The estimates ${\hat{π}}_{0}$ were listed in Table 3. All ${\hat{π}}_{0}$ estimates in the subsets were larger than the ones in the whole data set. This is expected because genes with small expressional differences are more likely to be classified as null genes in a small sample. From the π₀ estimates from the whole data set, we may say the LSL gave a large π₀ value, PRE gave a small value and all the others gave similar estimates. We used LSL, PRE and Global-p to draw the p-value density histogram using the whole data set in Figure 4. The upper panel is the overall view and the lower panel is the closer view. The green dash-dot line is the height using LSL estimate; the red dash line PRE estimate; the blue dot line global-p estimate. The LSL method, which is also shown in Broberg's study, is too conservative producing the largest value. The PRE method underestimated π₀. If we used ${\hat{π}}_{0}$ by PRE method to improve FDR procedure, it is likely to have a higher FDR than the nominal level. We think our π₀ estimate is reliable because it is close but higher than the height of observed p-values in the region of (0.6, 1) if we assume genes with expressional differences have rare chance to have large observed p-values.

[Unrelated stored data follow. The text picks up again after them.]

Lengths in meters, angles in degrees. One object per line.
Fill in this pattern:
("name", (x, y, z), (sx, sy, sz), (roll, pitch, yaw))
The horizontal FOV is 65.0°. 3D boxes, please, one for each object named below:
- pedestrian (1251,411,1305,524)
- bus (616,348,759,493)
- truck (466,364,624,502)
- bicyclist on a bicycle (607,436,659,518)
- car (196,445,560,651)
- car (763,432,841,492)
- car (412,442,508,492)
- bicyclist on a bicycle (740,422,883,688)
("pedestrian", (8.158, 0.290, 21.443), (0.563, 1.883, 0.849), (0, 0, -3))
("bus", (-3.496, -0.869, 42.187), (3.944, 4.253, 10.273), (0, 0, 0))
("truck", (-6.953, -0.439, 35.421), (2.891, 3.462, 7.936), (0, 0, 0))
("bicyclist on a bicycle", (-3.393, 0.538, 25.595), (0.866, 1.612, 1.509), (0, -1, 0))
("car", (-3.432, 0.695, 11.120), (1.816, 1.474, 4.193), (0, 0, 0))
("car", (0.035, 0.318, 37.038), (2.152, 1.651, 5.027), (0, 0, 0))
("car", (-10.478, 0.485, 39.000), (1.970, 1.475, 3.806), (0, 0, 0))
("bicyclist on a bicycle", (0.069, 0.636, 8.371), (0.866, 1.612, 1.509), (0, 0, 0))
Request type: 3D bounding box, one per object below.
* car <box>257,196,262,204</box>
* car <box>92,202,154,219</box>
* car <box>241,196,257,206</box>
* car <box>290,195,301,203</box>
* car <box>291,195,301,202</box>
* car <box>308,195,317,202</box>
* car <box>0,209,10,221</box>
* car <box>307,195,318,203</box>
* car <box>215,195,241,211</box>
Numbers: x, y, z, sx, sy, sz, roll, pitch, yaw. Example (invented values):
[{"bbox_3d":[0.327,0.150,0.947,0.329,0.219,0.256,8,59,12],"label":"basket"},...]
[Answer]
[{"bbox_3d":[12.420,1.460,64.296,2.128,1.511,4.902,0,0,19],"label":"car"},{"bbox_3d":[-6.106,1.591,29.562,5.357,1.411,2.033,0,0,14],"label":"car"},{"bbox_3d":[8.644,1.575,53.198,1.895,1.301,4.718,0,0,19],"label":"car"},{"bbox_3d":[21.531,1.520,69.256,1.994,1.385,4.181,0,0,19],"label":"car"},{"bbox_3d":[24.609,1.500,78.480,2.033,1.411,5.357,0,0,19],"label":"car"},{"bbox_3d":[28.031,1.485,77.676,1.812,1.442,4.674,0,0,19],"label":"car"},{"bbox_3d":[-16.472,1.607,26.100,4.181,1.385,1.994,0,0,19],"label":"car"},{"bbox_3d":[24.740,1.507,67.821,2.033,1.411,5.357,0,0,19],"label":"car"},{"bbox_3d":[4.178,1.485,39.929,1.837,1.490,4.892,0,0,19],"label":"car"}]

Table 3 Estimates of ${\hat{π}}_{0}$ based on the prostate tumor data set from the Stanford microarray database. The first four rows are estimated based on the four partitions of the whole data set while the last row the is based on the data set. The means and standard errors (5th and 6th rows) are calculated based on the estimates of the four sub-data sets.

Full size table

Conclusion

Benjamini and Hochberg's FDR procedure [2] opens an useful approach for multiple comparisons in microarray analysis. Due to the complexity in microarray experiments, it seems unlikely that one method can dominate all the other methods in all the cases. In this paper, we have demonstrated a new method that is intuitive appearing because:

1.
It uses permutation test which can take care the complex correlation structures in gene expressions.
2.
Its global test based on sequentially eliminated significant genes should provide a good stopping rule because all the remaining genes are always considered together.

With the support of simulation and real data studies, the new method should be a viable alternative to find the differentially expressed genes in microarray experiments.

Algorithm

We illustrate the algorithm for calculating pseudo-global p-values based on marginal p-values, p₁,..., $p_{g_{0}}$ . Please note that the procedure described here is the same regardless of g₀. We consider h(p₁, ..., $p_{g_{0}}$ ) in the summation form:

$η = h (p_{1}, \dots, p_{g_{0}}) = \sum_{i = 1}^{g_{0}} ℏ (p_{i}), (5)$

where ħ is a differentiable decreasing function in which $ℏ' (p) = \frac{d ℏ (t)}{d t} | \begin{matrix} t = p \end{matrix}$ exists and ħ(p) → ∞ as p → 0. Note that equation (5) totally meets the requirement that h should be a differentiable real-valued decreasing function. The realization of ħ can be, for instance, ħ(p) = -2log(p) if we use Fisher's sum of logarithm or ħ(p) = Φ^-1 (1 - p) if we use Liptak's sum of inverse standard Gaussian distribution function. Recall that p_jis the p-value obtained from j th row vector (Y_1j,..., Y_nj) and the ordered marginal p-values are p₍₁₎ ≤ p₍₂₎≤ .... ≤ $p_{(g_{0})}$ . The p-values for individual genes are denoted by subscripts while the pseudo-global p-values in (2) in are denoted by superscripts. Parentheses are used to reveal the order property.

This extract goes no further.